# [WORK ITEM]
Output every record below exactly.

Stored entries
....................
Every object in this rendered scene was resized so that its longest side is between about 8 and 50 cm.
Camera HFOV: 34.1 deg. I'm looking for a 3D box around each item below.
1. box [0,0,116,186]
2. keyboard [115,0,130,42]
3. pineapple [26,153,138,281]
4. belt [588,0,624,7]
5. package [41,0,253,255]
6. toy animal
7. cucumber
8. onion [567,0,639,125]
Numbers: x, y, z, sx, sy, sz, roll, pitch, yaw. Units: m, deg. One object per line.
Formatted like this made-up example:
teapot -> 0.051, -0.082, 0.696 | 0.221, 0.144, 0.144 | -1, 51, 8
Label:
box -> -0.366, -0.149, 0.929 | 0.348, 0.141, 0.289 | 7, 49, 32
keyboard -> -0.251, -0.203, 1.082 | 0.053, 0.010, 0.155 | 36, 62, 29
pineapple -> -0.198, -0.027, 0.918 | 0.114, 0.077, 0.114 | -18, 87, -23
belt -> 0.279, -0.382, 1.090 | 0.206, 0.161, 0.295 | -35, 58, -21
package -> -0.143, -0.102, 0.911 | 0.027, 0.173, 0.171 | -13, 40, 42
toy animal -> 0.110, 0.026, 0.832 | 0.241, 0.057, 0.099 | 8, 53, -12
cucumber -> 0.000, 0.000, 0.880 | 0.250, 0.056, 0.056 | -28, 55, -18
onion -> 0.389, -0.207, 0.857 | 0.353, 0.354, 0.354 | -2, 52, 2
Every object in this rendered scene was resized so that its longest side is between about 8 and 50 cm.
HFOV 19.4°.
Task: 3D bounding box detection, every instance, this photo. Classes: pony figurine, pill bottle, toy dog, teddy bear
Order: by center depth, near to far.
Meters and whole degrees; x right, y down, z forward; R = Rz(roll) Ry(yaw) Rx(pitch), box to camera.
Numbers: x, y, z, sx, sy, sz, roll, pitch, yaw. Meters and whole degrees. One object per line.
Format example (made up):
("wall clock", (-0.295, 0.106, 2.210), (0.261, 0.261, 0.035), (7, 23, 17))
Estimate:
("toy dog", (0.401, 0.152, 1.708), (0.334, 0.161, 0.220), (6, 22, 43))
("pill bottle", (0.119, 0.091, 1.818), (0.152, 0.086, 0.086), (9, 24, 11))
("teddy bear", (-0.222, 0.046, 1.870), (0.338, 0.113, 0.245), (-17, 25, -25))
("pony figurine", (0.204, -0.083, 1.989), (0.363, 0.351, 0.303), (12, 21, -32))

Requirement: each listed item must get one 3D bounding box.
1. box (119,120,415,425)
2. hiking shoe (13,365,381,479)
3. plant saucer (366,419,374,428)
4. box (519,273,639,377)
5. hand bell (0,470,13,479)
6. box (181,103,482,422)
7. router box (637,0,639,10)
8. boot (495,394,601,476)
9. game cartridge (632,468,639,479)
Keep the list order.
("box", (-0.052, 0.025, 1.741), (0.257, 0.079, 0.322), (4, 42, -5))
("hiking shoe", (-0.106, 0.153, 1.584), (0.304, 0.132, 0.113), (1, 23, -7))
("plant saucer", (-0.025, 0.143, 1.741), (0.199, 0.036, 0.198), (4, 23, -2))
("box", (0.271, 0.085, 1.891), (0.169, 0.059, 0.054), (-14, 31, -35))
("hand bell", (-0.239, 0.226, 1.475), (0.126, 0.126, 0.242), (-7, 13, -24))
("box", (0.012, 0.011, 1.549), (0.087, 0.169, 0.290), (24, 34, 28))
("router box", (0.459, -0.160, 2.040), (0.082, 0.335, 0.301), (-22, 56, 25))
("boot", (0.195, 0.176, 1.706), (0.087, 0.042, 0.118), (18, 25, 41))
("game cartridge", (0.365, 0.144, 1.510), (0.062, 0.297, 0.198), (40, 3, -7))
....................
# [TASK RESPONSE]
Every object in this rendered scene was resized so that its longest side is between about 8 and 50 cm.
Camera HFOV: 34.1 deg. I'm looking for a 3D box around each item below.
1. box [0,0,116,186]
2. keyboard [115,0,130,42]
3. pineapple [26,153,138,281]
4. belt [588,0,624,7]
5. package [41,0,253,255]
6. toy animal
7. cucumber
8. onion [567,0,639,125]
Numbers: x, y, z, sx, sy, sz, roll, pitch, yaw. Units: m, deg. One object per line.
Formatted like this made-up example:
teapot -> 0.051, -0.082, 0.696 | 0.221, 0.144, 0.144 | -1, 51, 8
Label:
box -> -0.366, -0.149, 0.929 | 0.348, 0.141, 0.289 | 7, 49, 32
keyboard -> -0.251, -0.203, 1.082 | 0.053, 0.010, 0.155 | 36, 62, 29
pineapple -> -0.198, -0.027, 0.918 | 0.114, 0.077, 0.114 | -18, 87, -23
belt -> 0.279, -0.382, 1.090 | 0.206, 0.161, 0.295 | -35, 58, -21
package -> -0.143, -0.102, 0.911 | 0.027, 0.173, 0.171 | -13, 40, 42
toy animal -> 0.110, 0.026, 0.832 | 0.241, 0.057, 0.099 | 8, 53, -12
cucumber -> 0.000, 0.000, 0.880 | 0.250, 0.056, 0.056 | -28, 55, -18
onion -> 0.389, -0.207, 0.857 | 0.353, 0.354, 0.354 | -2, 52, 2
Every object in this rendered scene was resized so that its longest side is between about 8 and 50 cm.
HFOV 19.4°.
Task: 3D bounding box detection, every instance, this photo. Classes: pony figurine, pill bottle, toy dog, teddy bear
Order: by center depth, near to far.
Meters and whole degrees; x right, y down, z forward; R = Rz(roll) Ry(yaw) Rx(pitch), box to camera.
Numbers: x, y, z, sx, sy, sz, roll, pitch, yaw. Meters and whole degrees. One object per line.
Format example (made up):
("wall clock", (-0.295, 0.106, 2.210), (0.261, 0.261, 0.035), (7, 23, 17))
Estimate:
("toy dog", (0.401, 0.152, 1.708), (0.334, 0.161, 0.220), (6, 22, 43))
("pill bottle", (0.119, 0.091, 1.818), (0.152, 0.086, 0.086), (9, 24, 11))
("teddy bear", (-0.222, 0.046, 1.870), (0.338, 0.113, 0.245), (-17, 25, -25))
("pony figurine", (0.204, -0.083, 1.989), (0.363, 0.351, 0.303), (12, 21, -32))

Requirement: each listed item must get one 3D bounding box.
1. box (119,120,415,425)
2. hiking shoe (13,365,381,479)
3. plant saucer (366,419,374,428)
4. box (519,273,639,377)
5. hand bell (0,470,13,479)
6. box (181,103,482,422)
7. router box (637,0,639,10)
8. boot (495,394,601,476)
9. game cartridge (632,468,639,479)
Keep the list order.
("box", (-0.052, 0.025, 1.741), (0.257, 0.079, 0.322), (4, 42, -5))
("hiking shoe", (-0.106, 0.153, 1.584), (0.304, 0.132, 0.113), (1, 23, -7))
("plant saucer", (-0.025, 0.143, 1.741), (0.199, 0.036, 0.198), (4, 23, -2))
("box", (0.271, 0.085, 1.891), (0.169, 0.059, 0.054), (-14, 31, -35))
("hand bell", (-0.239, 0.226, 1.475), (0.126, 0.126, 0.242), (-7, 13, -24))
("box", (0.012, 0.011, 1.549), (0.087, 0.169, 0.290), (24, 34, 28))
("router box", (0.459, -0.160, 2.040), (0.082, 0.335, 0.301), (-22, 56, 25))
("boot", (0.195, 0.176, 1.706), (0.087, 0.042, 0.118), (18, 25, 41))
("game cartridge", (0.365, 0.144, 1.510), (0.062, 0.297, 0.198), (40, 3, -7))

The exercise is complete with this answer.